▶ [Task instructions] Please state how many lines in the records below contain the word "agent"; the answer should be a number and nothing else.

§

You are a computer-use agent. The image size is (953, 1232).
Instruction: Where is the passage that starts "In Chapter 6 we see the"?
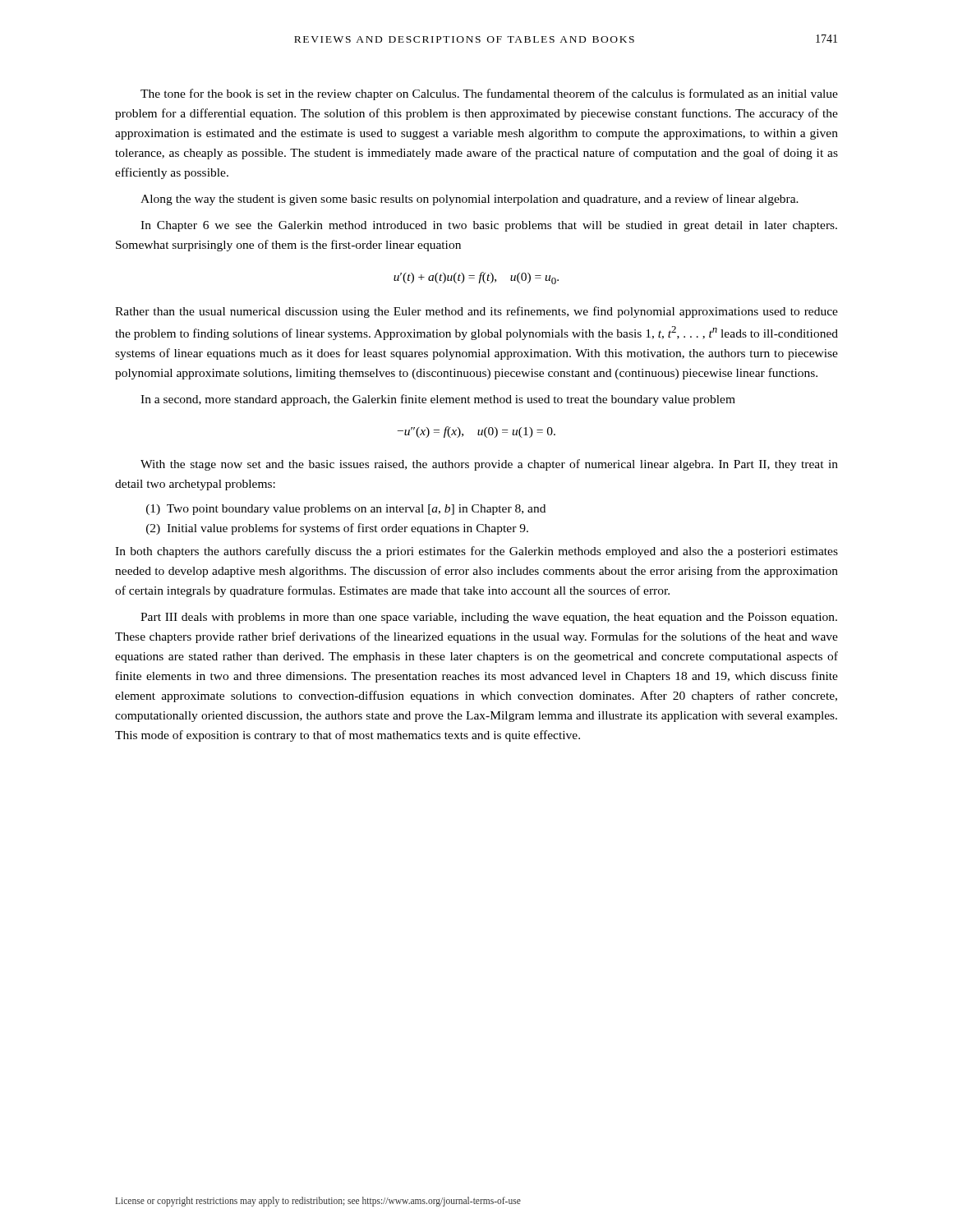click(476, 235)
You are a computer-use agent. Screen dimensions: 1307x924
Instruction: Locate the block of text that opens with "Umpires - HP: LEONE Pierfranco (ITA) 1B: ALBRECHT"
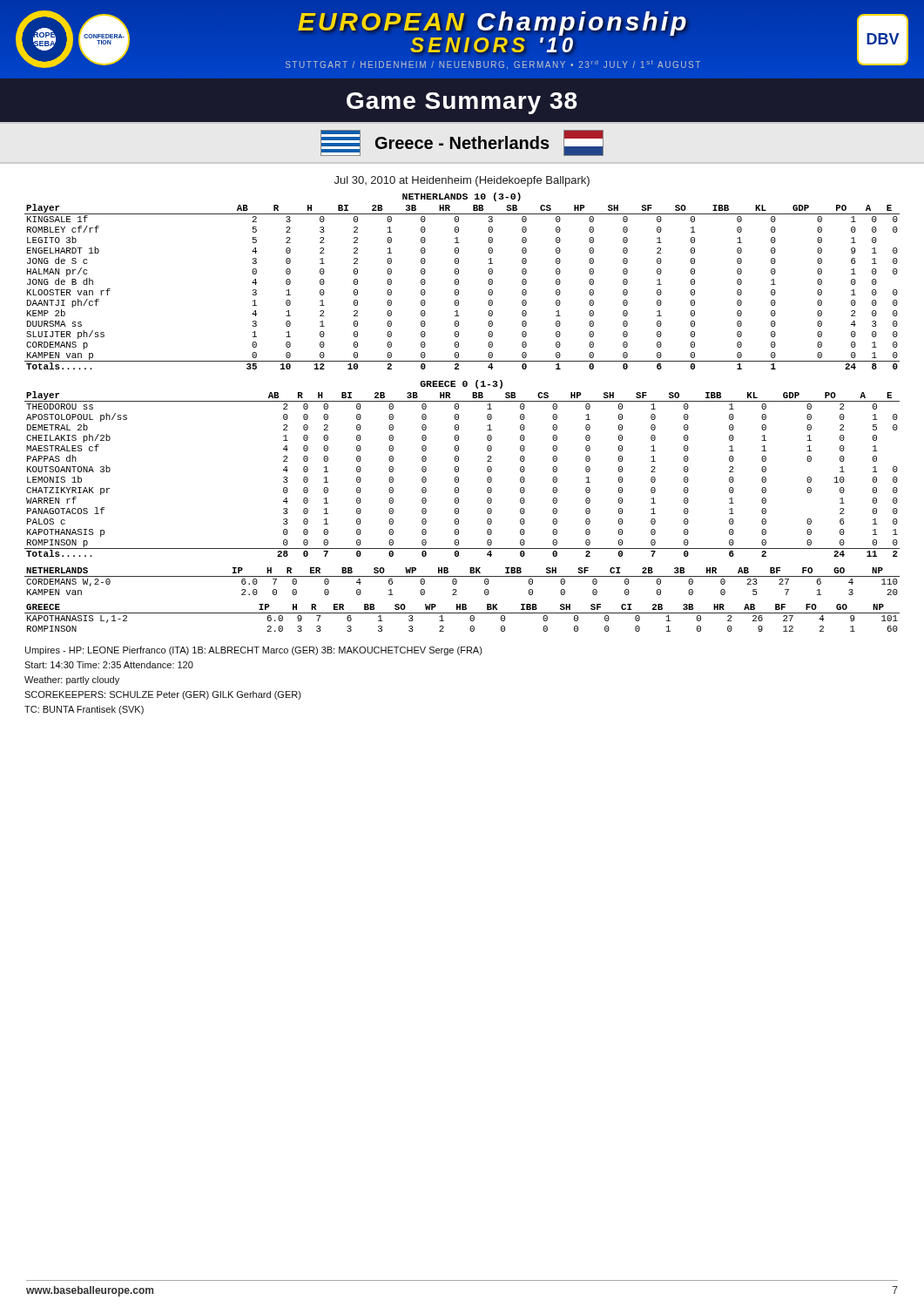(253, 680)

§

▶ [Result of the task] 2